Neighbors might get antsy about the traffic and noise. The "department of making you sad" might claim you're over-taxing the sewer system. A septic system may actually not be able to handle the waste from that many people, so some sort of composting toilet system might be needed to be installed "on the sly". So there are some other things to work out.
One more thing, I know you're not too much into the "cult" aspect of "permaculture", but having the aegis of religion can help with some aspects of zoning laws. If your permaculture eco-village is classified as a "religious institution", it has the benefit of RLUIPA to help side-step zoning and planning boards.
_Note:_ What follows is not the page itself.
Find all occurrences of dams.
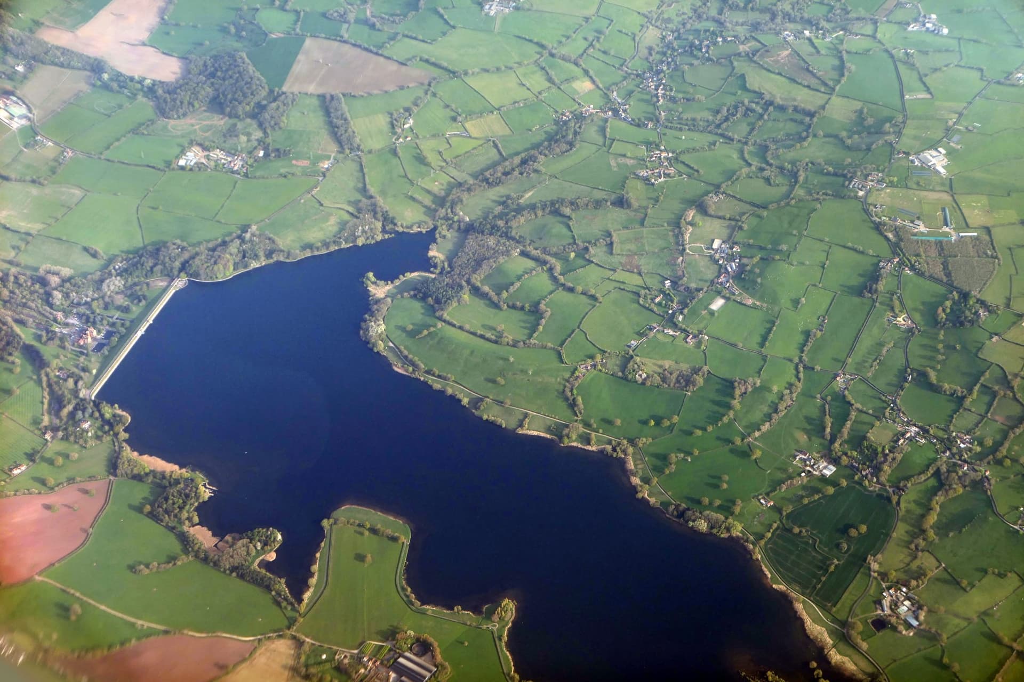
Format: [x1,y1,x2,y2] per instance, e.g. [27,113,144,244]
[82,287,177,398]
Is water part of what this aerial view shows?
Yes

Even that 4,000 square foot suburban house could be classified as a "monastery" for your "cult", which might include "communal living" as a basic "article of faith".
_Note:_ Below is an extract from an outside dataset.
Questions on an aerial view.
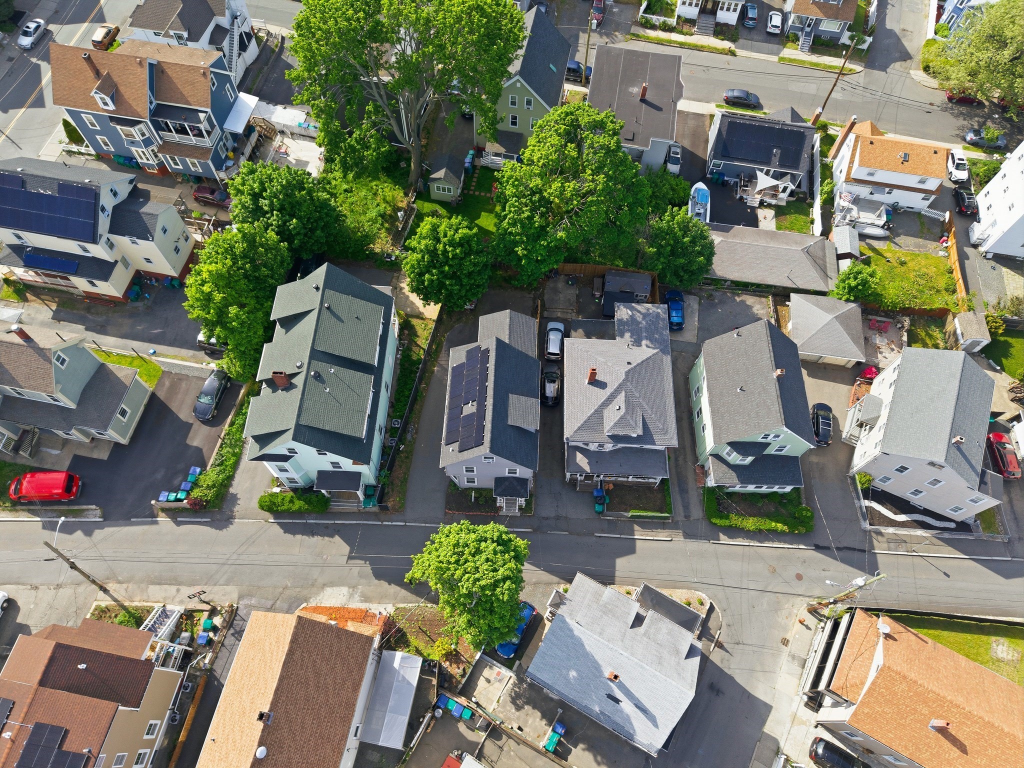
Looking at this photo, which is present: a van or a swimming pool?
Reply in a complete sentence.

Oh, and with the suburban group home idea, the group can take its savings and put it into buying the larger acreage at a later time. It's a perfect transition strategy for people wanting to unplug from the global political-economic nuthouse.
Psychologically and organizationally, the optimal unit size for a cohesive group is around 9 individuals, with a spread of about 6-12... 15 tops.
Beyond that, people tend to self-divide into factions.
I would recommend looking at 8-12 under one roof, rather than 20. Finding existing housing with 5-6 BR is also much more likely (if you limit your search to "single family houses").
One of the biggest standout pros to me on a farm scenario is freedom. We all come from varying backgrounds of stability, but I imagine many of us have had extended chapters of free drifting and travel. Once you begin creating a farm, especially once you become responsible for year round animals, you have to pretty much be there almost every day. This isn't bad but can feel a bit limiting from a previous free lifestyle. The involvement of more people allows for travel weeks or months for any of the team, and I think this would be a huge benefit for sustainability on the personal level.
- a very clear to understand 'to-do-list' which applies to all members, everyone has their chores, and takes the responsability for their chores;
- very good communication between all members of the group; if something goes wrong it has to be spoken out without fear, but still 'being nice';
- a personal private space to be alone (when needed) for every person in the group.
Those three are the most important to me. My 'personal private space' doesn't need to be large in size, but I need it for a considerable amount of time!